Authors (including presenting author) :
Kwok SY (1), Ho S (2), Shih FY (2), Shi J (1), Lee PH (3), Cheung LL (4), Cheng T (5), Yeung PK (6), Foo KC (6), Yuen L (5), Mak C (5), Tsao S (1), Yung TC (1), Lun KS (1), Cheung YF (1), Lai SC (6), Luk HM (2)
Affiliation :
(1) Cardiology Centre, Department of Paediatric and Adolescent Medicine, Hong Kong Children’s Hospital
(2) Department of Clinical Genetics, Hong Kong Children’s Hospital
(3) Department of Medicine, Queen Elizabeth Hospital
(4) Department of Medicine, Prince of Wales Hospital
(5) Department of Pathology, Hong Kong Children’s Hospital
(6) Forensic Pathology Service, Department of Health
Introduction :
Cardiac channelopathy and cardiomyopathy are important causes of sudden cardiac death (SCD).

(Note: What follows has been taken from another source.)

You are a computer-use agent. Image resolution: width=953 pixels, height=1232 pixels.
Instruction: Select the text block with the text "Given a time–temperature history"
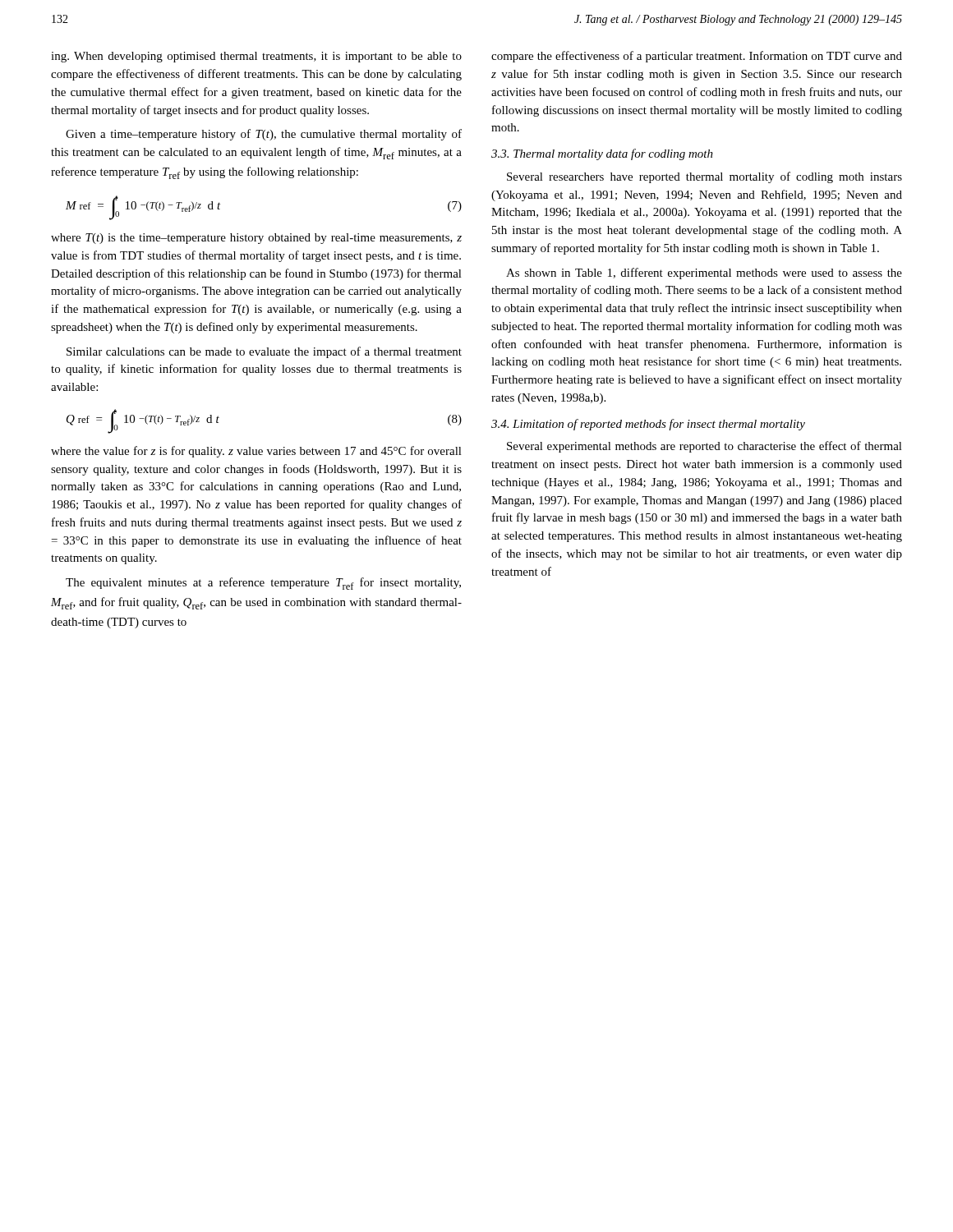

Precision medicine plays an important role in guiding prognostic and therapeutic decision-making, as well as preventing SCD. A multidisciplinary cardiac-genetic service was started in our single tertiary paediatric cardiology centre (former Queen Mary Hospital and current Hong Kong Children’s Hospital) since 2017. With service integration of territory-wide clinical genetic service in Hong Kong Children’s Hospital in 2023, the molecular autopsy service has been further incorporated into the service model, with participation of clinical geneticists, pathologists, paediatric and adult cardiologists.
Objectives :
The outcome of cardiac-genetic service in our single tertiary paediatric cardiology centre and the service of territory-wide molecular autopsy service for young SCD were reviewed.
Methodology :
All paediatric patients with the diagnosis of cardiac channelopathy or cardiomyopathy, who had genetic testing performed in our centre from 2007 to 2022, were included. Genetic yields were assessed. The 5-year result (2017–2021) of molecular autopsy services provided for victims of SCD (age 1–40 years) was also reviewed.
Result & Outcome :
A total of 167 probands were identified. Ninety-seven probands were found to carry at least one pathogenic or likely pathogenic (P/LP) variants (58.1%), while 34 probands (20.4%) were found to have variants of uncertain clinical significance (VUS) only. P/LP variants were identified in 60 channelopathy (65.2%) and 37 cardiomyopathy (49.3%) patients. The yield of subsequent cascade genetic screening of first-degree relatives was 27.3%. For SCD victims, among the 41 decedents, 11 were found to carry 13 SCD-causative genetic variants. Cascade genetic testing identified four family members with LP variants. One family member was found to have hypertrophic cardiomyopathy upon clinical evaluation. Our service model provides a comprehensive assessment and counselling framework in serving families affected by inheritable cardiovascular conditions.